Stable Haptic Teleoperation of UAVs via Small $L_2$ Gain and Control Barrier Functions

TL;DR

This paper introduces a stable haptic teleoperation method for UAVs that ensures system stability using a small $L_2$ gain constraint and control barrier functions, improving safety and stability in human-robot interaction.

Contribution

It proposes a novel stability constraint based on $L_2$ gain for haptic feedback in UAV teleoperation, with a closed-form solution for practical implementation.

Findings

The method maintains system stability during UAV teleoperation.

Experimental simulation demonstrates effective obstacle avoidance.

The approach improves safety without sacrificing user control.

Abstract

We present a novel haptic teleoperation approach that considers not only the safety but also the stability of a teleoperation system. Specifically, we build upon previous work on haptic shared control, which uses control barrier functions (CBFs) to generate a reference haptic feedback that informs the human operator on the internal state of the system, helping them to safely navigate the robot without taking away their control authority. Crucially, in this approach the force rendered to the user is not directly reflected in the motion of the robot (which is still directly controlled by the user); however, previous work in the area neglected to consider the feedback loop through the user, possibly resulting in unstable closed trajectories.
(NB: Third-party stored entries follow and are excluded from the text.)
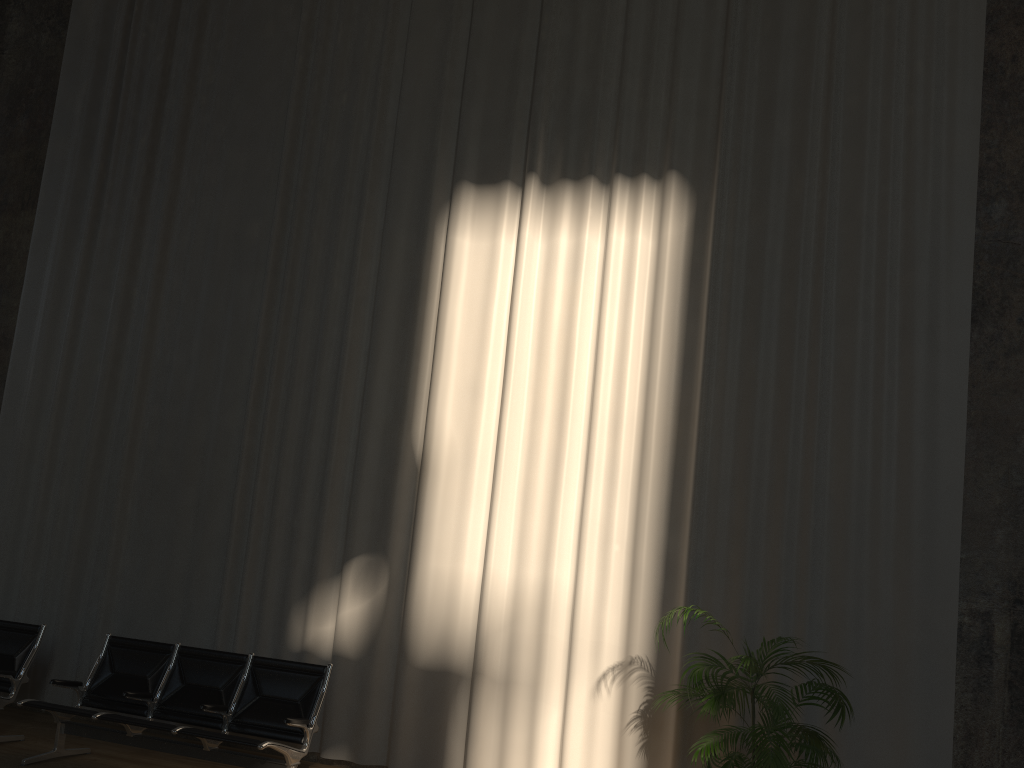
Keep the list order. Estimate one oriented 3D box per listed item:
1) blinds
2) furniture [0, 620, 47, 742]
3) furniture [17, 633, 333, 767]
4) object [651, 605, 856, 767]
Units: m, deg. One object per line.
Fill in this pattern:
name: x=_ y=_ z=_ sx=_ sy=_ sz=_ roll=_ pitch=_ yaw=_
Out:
blinds: x=-0.725 y=-1.465 z=6.781 sx=7.805 sy=8.509 sz=0.279 roll=3 pitch=-7 yaw=20
furniture: x=-4.431 y=2.066 z=6.386 sx=1.864 sy=0.829 sz=0.723 roll=2 pitch=-10 yaw=19
furniture: x=-2.173 y=2.117 z=5.621 sx=1.864 sy=0.829 sz=0.723 roll=2 pitch=-10 yaw=19
object: x=1.304 y=1.987 z=4.858 sx=1.126 sy=1.432 sz=1.114 roll=4 pitch=-9 yaw=10
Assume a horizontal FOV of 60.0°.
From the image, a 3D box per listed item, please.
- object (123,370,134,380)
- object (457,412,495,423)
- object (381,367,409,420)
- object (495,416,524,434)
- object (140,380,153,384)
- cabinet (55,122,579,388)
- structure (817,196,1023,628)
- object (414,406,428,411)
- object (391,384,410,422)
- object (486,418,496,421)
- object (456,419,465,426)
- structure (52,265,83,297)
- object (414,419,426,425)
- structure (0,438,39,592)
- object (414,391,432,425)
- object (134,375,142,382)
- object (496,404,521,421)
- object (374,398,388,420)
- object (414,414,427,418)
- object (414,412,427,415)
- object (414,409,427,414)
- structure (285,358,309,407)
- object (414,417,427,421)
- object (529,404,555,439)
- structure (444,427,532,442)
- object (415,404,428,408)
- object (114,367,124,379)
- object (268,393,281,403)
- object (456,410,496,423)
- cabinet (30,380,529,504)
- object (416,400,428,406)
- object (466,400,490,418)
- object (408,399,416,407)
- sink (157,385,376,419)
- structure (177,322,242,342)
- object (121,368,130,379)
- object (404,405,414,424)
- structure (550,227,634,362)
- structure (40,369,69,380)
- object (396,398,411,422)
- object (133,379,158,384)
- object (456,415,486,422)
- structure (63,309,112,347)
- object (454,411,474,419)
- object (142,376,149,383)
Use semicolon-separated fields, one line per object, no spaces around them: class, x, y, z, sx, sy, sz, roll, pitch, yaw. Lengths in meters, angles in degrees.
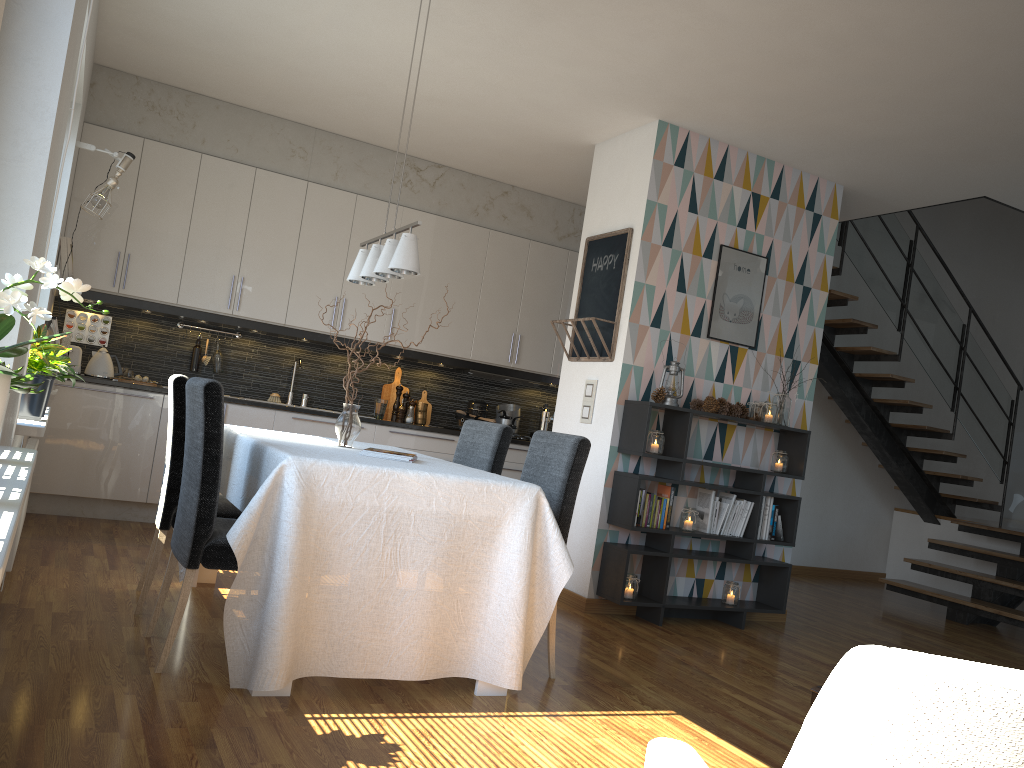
object;-2.545;-0.057;5.887;0.065;0.064;0.065;10;-3;-27
object;-0.288;0.260;6.916;0.334;0.044;0.064;7;-3;25
object;-0.908;0.075;6.899;0.219;0.419;0.029;10;-2;-27
object;0.013;0.324;7.102;0.347;0.154;0.200;6;-3;43
object;-2.525;-0.024;5.986;0.248;0.015;0.024;8;-3;18
cabinet;-0.958;-0.764;6.600;4.240;1.069;0.458;10;-2;-27
structure;3.511;-0.066;7.193;4.586;4.129;2.683;10;-2;-27
object;-0.695;0.192;6.758;0.100;0.036;0.100;10;-3;-33
object;-0.840;0.145;6.731;0.123;0.282;0.061;10;-2;-27
object;-0.290;0.267;6.969;0.336;0.021;0.065;8;-3;22
object;-0.364;0.306;6.974;0.232;0.061;0.352;7;-3;37
structure;-2.510;-0.569;5.018;0.147;0.129;0.594;10;-3;-27
object;-0.704;0.292;6.762;0.100;0.036;0.100;8;-3;6
structure;-2.103;0.517;3.783;0.078;0.459;1.456;10;-3;-25
object;-0.703;0.186;6.998;0.146;0.273;0.043;10;-2;-27
object;-2.479;-0.036;5.880;0.045;0.045;0.046;10;-3;-24
object;-0.073;0.231;7.088;0.202;0.169;0.371;7;-3;36
object;-0.956;0.183;6.419;0.102;0.146;0.102;10;-2;-27
object;-0.701;0.252;6.761;0.099;0.051;0.099;11;-3;-41
object;-0.701;0.232;6.763;0.100;0.043;0.100;11;-3;-39
object;-0.699;0.210;6.762;0.099;0.057;0.101;9;-3;-15
structure;-1.528;-0.006;6.481;0.167;0.347;0.195;10;-3;-34
object;-0.702;0.270;6.761;0.100;0.048;0.099;9;-3;-8
object;0.358;0.315;7.364;0.353;0.370;0.206;10;-2;-27
structure;-0.141;0.391;6.963;0.663;0.041;0.500;10;-3;-27
object;-0.693;0.175;6.759;0.100;0.036;0.100;9;-3;2
object;-2.596;-0.074;5.837;0.071;0.076;0.071;10;-3;-35
object;-1.719;0.100;6.429;0.097;0.065;0.099;10;-3;-35
object;-0.282;0.255;6.932;0.334;0.061;0.059;8;-2;16
cabinet;-1.004;0.629;6.229;4.227;0.690;0.040;10;-2;-27
object;-0.688;0.155;6.759;0.100;0.047;0.099;10;-3;-31
object;-0.275;0.210;7.067;0.197;0.159;0.190;8;-3;20
object;-0.763;0.205;6.709;0.058;0.184;0.058;9;-2;6
sink;-1.706;0.208;6.157;1.423;0.168;0.474;10;-3;-27
structure;-2.124;-0.364;6.246;0.443;0.081;0.067;10;-3;-27
object;-2.602;-0.070;5.933;0.071;0.076;0.071;10;-3;-27
object;-0.761;0.227;6.633;0.069;0.135;0.069;7;-3;38
structure;0.448;-0.529;5.224;0.185;0.775;0.495;10;-2;-27
structure;-2.581;-0.102;5.002;0.147;0.129;0.594;10;-3;-27
object;-0.819;0.190;6.649;0.081;0.192;0.058;11;-3;-43
object;-2.512;-0.023;6.006;0.248;0.017;0.024;8;-2;8
object;-0.330;0.275;6.968;0.243;0.082;0.347;8;-3;10
structure;-2.829;-0.372;5.904;0.280;0.209;0.045;10;-2;-27
object;-0.317;0.264;6.975;0.246;0.080;0.356;10;-3;-24
object;-2.450;-0.029;5.921;0.043;0.043;0.044;10;-3;-30

In this paper we introduce a differential constraint on the rendered force that makes the system finite-gain $L_2$ stable; the constraint results in a Quadratically Constrained Quadratic Program (QCQP), for which we provide a closed-form solution. Our constraint is related to but less restrictive than the typical passivity constraint used in previous literature. We conducted an experimental simulation in which a human operator flies a UAV near an obstacle to evaluate the proposed method.